A cowboy needs anger management and accounting skills


Illustration by Gerald L. Holmes

Tempers and tallies

John Erickson doesn’t write parables, but some of his stories about the cowboy life he once lived would work well in church. The Bible refers to us as sheep, sometimes without a shepherd, but we also act like cattle and anger the Owner of the ranch. In 1982, Erickson, the author of the popular Hank the Cowdog series of books, published a bunch of these stories in The Devil in Texas and Other Cowboy Talesand over the next few months we’ll republish, with permission, at least two at a time as part of our Saturday Series. Here are two of Erickson’s tales from that volume. —Marvin Olasky

Temper, Temper

I have observed that there are two kinds of cowboys in this world. The first kind is young and foolish. He expects livestock to do what he wants them to do. He expects his work to go smoothly and according to plan. When it doesn’t, he loses his temper and often curses.

The second kind of cowboy is old and foolish. He expects exactly the same things, even though he’s old enough to know better, and he loses his temper and curses too.

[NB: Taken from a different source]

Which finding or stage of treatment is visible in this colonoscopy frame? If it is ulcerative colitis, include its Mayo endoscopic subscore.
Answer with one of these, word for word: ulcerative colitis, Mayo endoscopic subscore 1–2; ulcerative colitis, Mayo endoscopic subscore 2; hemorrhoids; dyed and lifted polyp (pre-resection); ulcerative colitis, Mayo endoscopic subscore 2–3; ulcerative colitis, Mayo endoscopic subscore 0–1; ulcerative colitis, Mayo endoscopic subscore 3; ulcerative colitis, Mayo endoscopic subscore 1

The major difference between the two is that when the young cowboy loses his temper, he often takes actions which hurt himself more than they hurt the animals he’s mad at. The older cowboy, somewhat wiser for his years of experience, will think twice before he lashes out in rage. If any blood is to be shed, he will see to it that it’s not his.

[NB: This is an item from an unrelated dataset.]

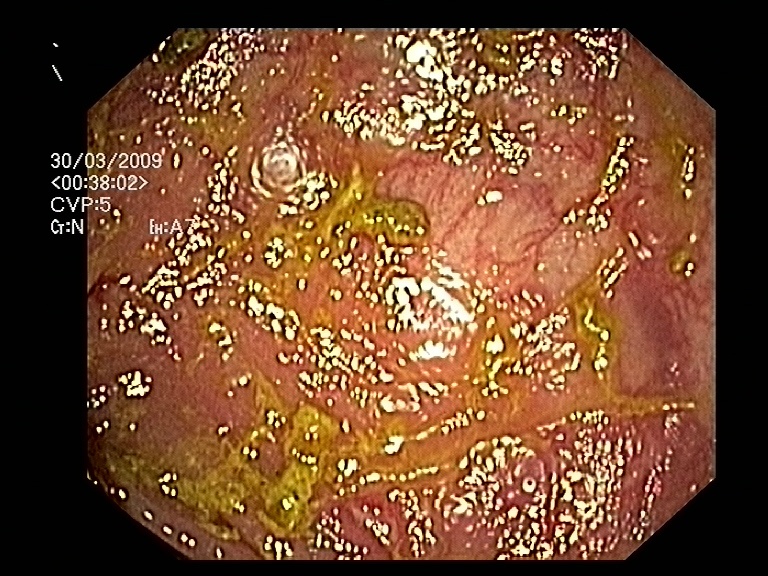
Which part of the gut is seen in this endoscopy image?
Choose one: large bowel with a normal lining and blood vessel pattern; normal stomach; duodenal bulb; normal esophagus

large bowel with a normal lining and blood vessel pattern

One of the dumbest stunts I ever heard of a young cowboy pulling involved a fellow named Erickson, who happens to be the writer of this article. It occurred on a very hot summer day in 1974.

I was cowboying in Beaver County, Oklahoma, back then. A cow and calf belonging to one of the neighbors had strayed into one of our pastures and had enjoyed free room and board for several weeks. I decided it was time for them to leave.

I saddled old Reno and off we went to throw the rascals out. When they saw me coming, the cow went north and the calf went south. I ran the cow all the way to the hole in the fence (she knew exactly where it was), and then I went back for the calf. I had already decided that he needed roping.

He weighed about two hundred pounds. He could run like a deer and dodge like a jackrabbit, and he made a complete monkey out of me and my catch rope. When I finally got him caught, I was in a towering rage.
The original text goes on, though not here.